# *The* open problem in General Relativity?

Q. Is there a single, clear mathematical question that has emerged as the open problem in General Relativity?

I ask this on the ~100th anniversary of Einstein's (4-page!) 1915 paper,

"Die Feldgleichungen der Gravitation," Preussische Akademie der Wissenschaften, Sitzungsberichte, 1915 (part 2), 844–847. (Wikisource:The Field Equations of Gravitation.)

Einstein's notebook, Riemann curvature tensor.

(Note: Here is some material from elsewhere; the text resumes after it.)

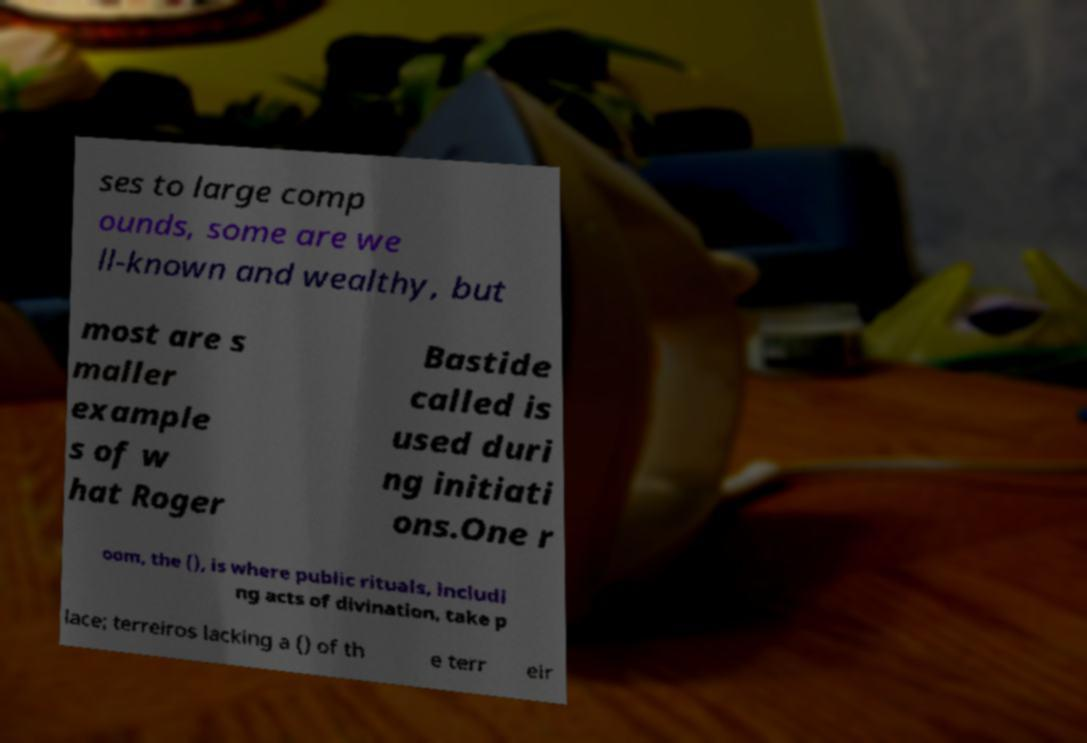What messages or text are displayed in this image? I need them in a readable, typed format. ses to large comp ounds, some are we ll-known and wealthy, but most are s maller example s of w hat Roger Bastide called is used duri ng initiati ons.One r oom, the (), is where public rituals, includi ng acts of divination, take p lace; terreiros lacking a () of th e terr eir

It is difficult to surpass Willie Wong's thorough 2011 answer to the MSE question, "Open problems in General Relativity." But perhaps a core mathematical question has risen to the fore since?

Naked singularities? Beyond the Cauchy horizon? "Electrodynamics of moving bodies?" Florentin Smarandache's 2013 Unsolved Problems in Special and General Relativity (PDF download.)?

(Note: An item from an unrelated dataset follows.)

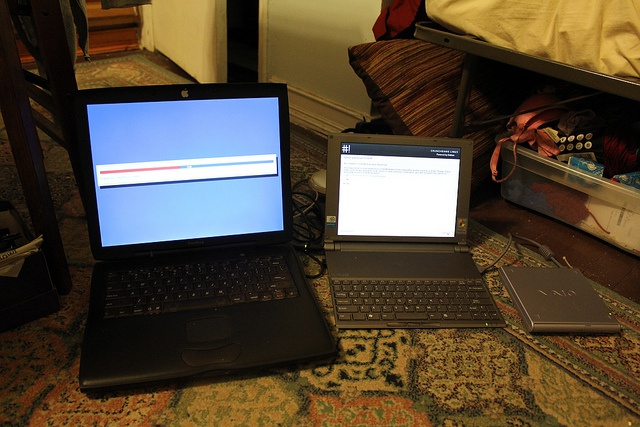Describe the objects in this image and their specific colors. I can see laptop in black and lightblue tones, laptop in black, white, and olive tones, keyboard in black and gray tones, keyboard in black, olive, and gray tones, and laptop in black, maroon, and olive tones in this image. 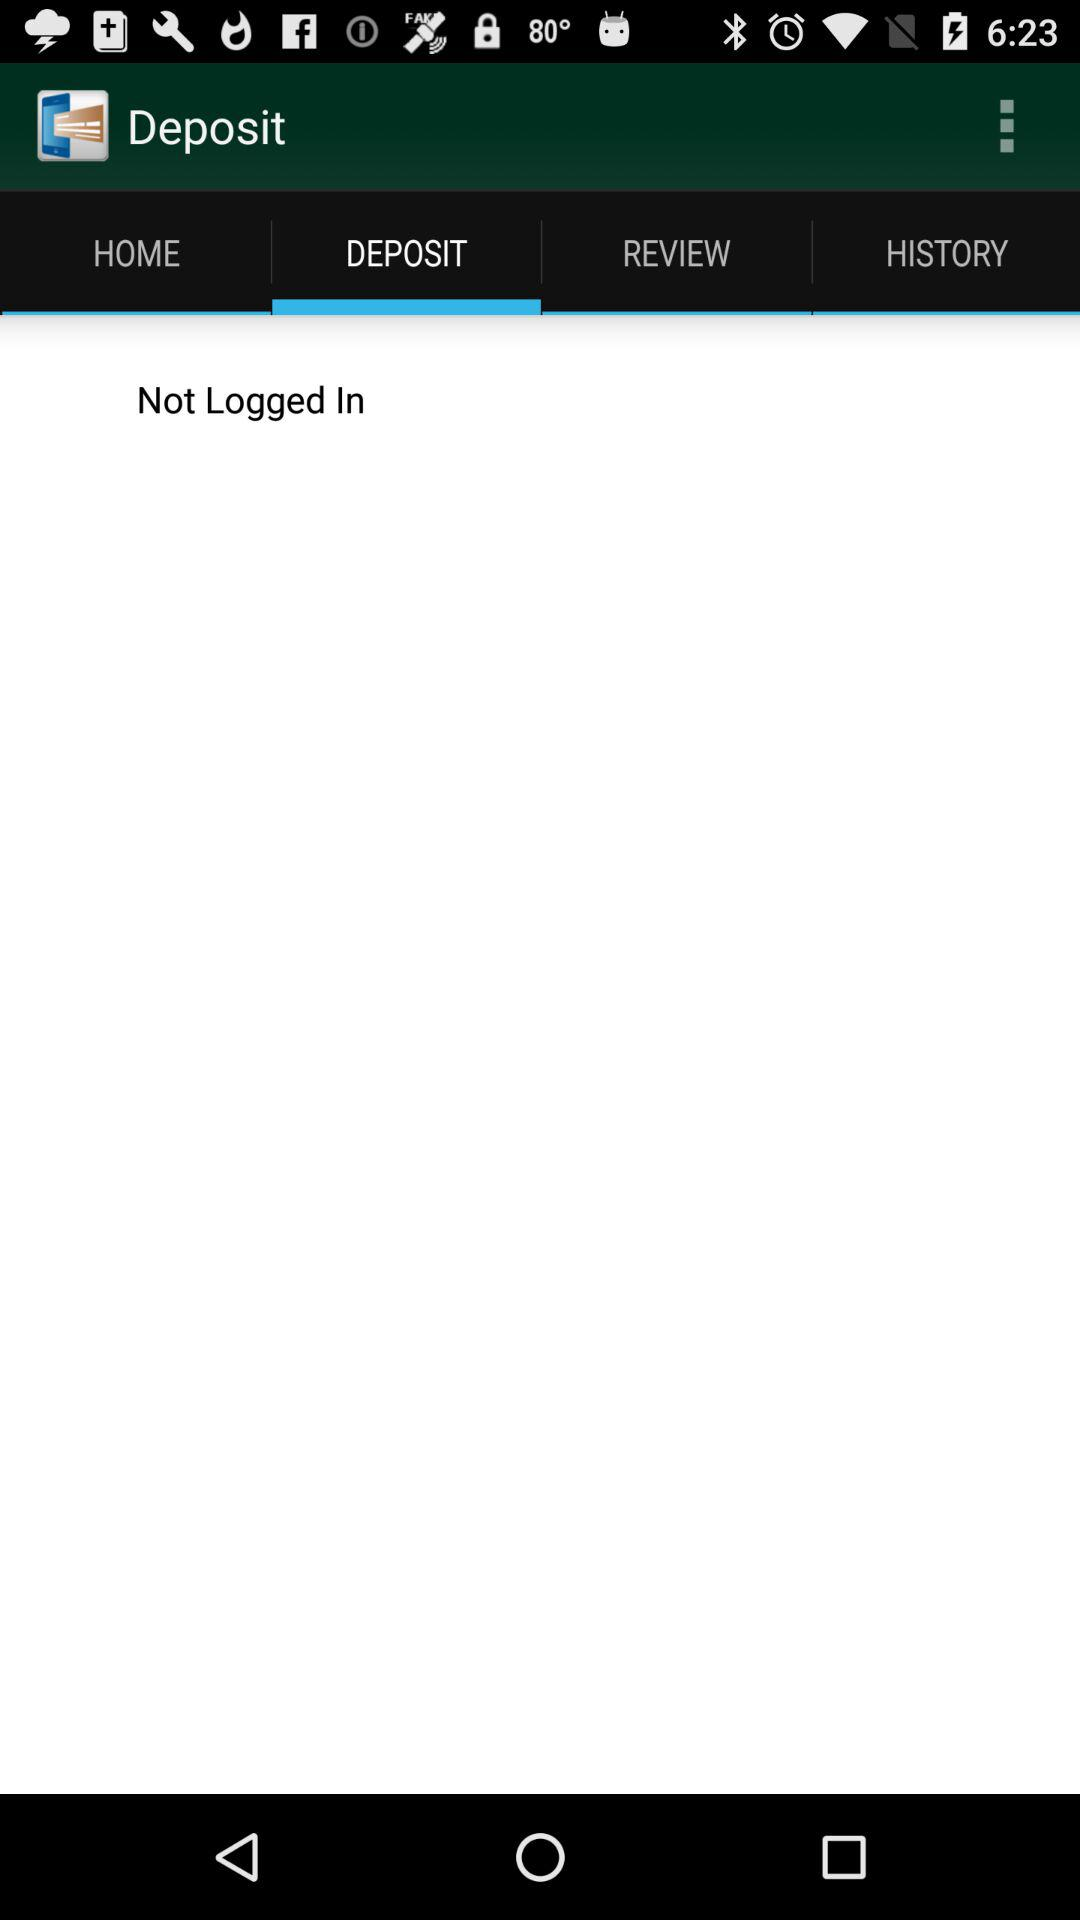Is the user logged in? The user is not logged in.

Or perhaps Willie's inventory cannot be condensed or sorted further at this point in time?

• Does "mathematical" rule out "search for unified field theory"? – The Masked Avenger Apr 3 '15 at 23:54
• That means you're not looking for mathematical problems which relate GR to QFT. In which case, I haven't heard of there being the problem on everyone's minds. But, you'll be interested in the mathematical seminar paper of Penrose, Some Unsolved Problems in Classical General Relativity. – Chris Gerig Apr 4 '15 at 0:04
• The Smarandache volume is quite the eye-opener. From the preface, here's the conclusion of the first paper: "Einstein’s explanation [of the perihelion precession of Mercury], based on wrong integral calculus and arbitrary approximations, is a complete failure." It keeps going like that! – user5117 Apr 4 '15 at 0:34
• I just ran across this recent (Jan 2015) workshop: Mathematical Problems in General Relativity. – Joseph O'Rourke Apr 4 '15 at 16:24
• Smarandache? Seriously? – Emil Jeřábek Apr 4 '15 at 21:06

Fix a manifold $M$ and consider the set of globally hyperbolic solutions $\mathcal{S}(M)$ of Einstein's equations, possibly with appropriate asymptotic conditions. (a) Give $\mathcal{S}(M)$ the structure or an infinite dimensional manifold (or more general kind of smooth space). (b) Pick a subalgebra $\mathcal{A} \subseteq C^\infty(\mathcal{S}(M))$ that separates points, contains at least the local and multi-local functionals. (c) Show that the choice in (b) can be made such that the diffeomorphism-invariant subalgebra $\mathcal{A}^\mathrm{Diff} \subset \mathcal{A}$ separates the orbits of diffeomorphisms and is closed under Poisson brackets (naturally defined by the variational nature of the equations). (d) Explicitly construct the formal deformation quantization of the Poisson algebra $\mathcal{A}^\mathrm{Diff}$ (say using an infinite dimensional version of Fedosov's method).